Horticulture growers have stressed the urgent need for action to be taken with regard to the harvesting of peat in Ireland on Bord na Móna sites, and have said that if action is not taken soon, peat will have to be sourced from outside of Ireland.
Speaking to Agriland at a protest held outside the Convention Centre in Dublin today (Tuesday, July 13), the chair of the Irish Hardy Nursery Stock Association, Val Farrell, said that “with the closure of Bord na Móna and other peat harvesting facilities, by next year we will have no peat”.
“We will have no choice but to import peat from the Balkans or elsewhere, if we can get it.
“We are here today to protest to the government to make an exemption for our industry.
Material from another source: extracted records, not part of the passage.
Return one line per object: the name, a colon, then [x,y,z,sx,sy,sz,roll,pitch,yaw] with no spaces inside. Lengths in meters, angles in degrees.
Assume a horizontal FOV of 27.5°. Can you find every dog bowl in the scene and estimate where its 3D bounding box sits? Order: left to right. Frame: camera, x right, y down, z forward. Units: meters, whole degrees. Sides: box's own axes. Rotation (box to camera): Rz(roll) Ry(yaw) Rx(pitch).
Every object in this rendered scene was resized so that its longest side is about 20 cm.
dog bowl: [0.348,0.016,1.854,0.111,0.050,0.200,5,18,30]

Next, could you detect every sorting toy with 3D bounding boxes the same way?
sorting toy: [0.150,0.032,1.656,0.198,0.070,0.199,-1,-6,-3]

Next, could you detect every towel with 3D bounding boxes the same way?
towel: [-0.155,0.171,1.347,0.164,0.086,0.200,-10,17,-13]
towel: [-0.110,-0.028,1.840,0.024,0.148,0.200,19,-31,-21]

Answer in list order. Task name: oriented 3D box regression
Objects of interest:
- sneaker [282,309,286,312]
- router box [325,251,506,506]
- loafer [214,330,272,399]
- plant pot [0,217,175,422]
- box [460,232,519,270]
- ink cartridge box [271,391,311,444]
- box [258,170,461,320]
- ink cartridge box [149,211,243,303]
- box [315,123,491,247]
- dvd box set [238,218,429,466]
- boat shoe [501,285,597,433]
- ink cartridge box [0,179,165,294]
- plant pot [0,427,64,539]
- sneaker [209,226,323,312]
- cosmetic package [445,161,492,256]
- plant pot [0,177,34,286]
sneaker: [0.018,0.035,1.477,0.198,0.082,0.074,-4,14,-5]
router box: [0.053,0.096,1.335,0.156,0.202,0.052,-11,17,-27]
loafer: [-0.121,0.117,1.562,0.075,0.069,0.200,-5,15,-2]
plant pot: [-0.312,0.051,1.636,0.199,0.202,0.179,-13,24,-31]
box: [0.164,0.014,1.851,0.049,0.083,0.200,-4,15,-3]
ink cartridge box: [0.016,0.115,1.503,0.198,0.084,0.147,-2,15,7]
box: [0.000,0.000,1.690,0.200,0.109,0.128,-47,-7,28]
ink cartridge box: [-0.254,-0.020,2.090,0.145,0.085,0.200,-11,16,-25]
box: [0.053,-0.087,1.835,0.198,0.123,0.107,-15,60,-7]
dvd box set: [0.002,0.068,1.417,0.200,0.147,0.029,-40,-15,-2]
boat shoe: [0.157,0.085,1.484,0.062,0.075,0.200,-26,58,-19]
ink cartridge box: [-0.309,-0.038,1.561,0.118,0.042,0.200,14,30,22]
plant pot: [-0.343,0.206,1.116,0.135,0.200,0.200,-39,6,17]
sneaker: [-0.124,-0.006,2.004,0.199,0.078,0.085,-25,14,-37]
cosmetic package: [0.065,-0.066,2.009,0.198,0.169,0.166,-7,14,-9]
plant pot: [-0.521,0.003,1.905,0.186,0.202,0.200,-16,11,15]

If we close down, we do not have peat moss.
“We only use 0.05% of the peat that is produced in Ireland for growing, and what we grow then goes back into the environment.”
In the video below, Agriland spoke to some of those attending today’s protest at the convention centre.
“We are not wasting the peat, we are actually using the peat to enhance the growing of plants for our industry and the whole country environmentally,” Farrell added.
‘Proper supply of peat’ needed for horticulture
South Leinster regional chairperson of the Irish Farmers’ Association (IFA), Francie Gorman, told Agriland that the availability of peat for the horticulture sector is a “huge issue”.
Gorman said: “It’s up to Minister Hackett and Minister for Agriculture, Charlie McConalogue, to ensure that there is a proper supply of peat that we can harvest on Bord na Móna sites for the horticulture sector.
“They can’t be asked to compete with the garden centres and with people buying bags of peat individually for their gardens, in order to have a supply for their business.
“Without a proper ready-made supply these boys will go out of business.
“At the end of the day we are talking about climate change and carbon footprints, and if we can’t have enough peat in this country to supply our horticulture sector, to me it makes a mockery of climate change,” he concluded.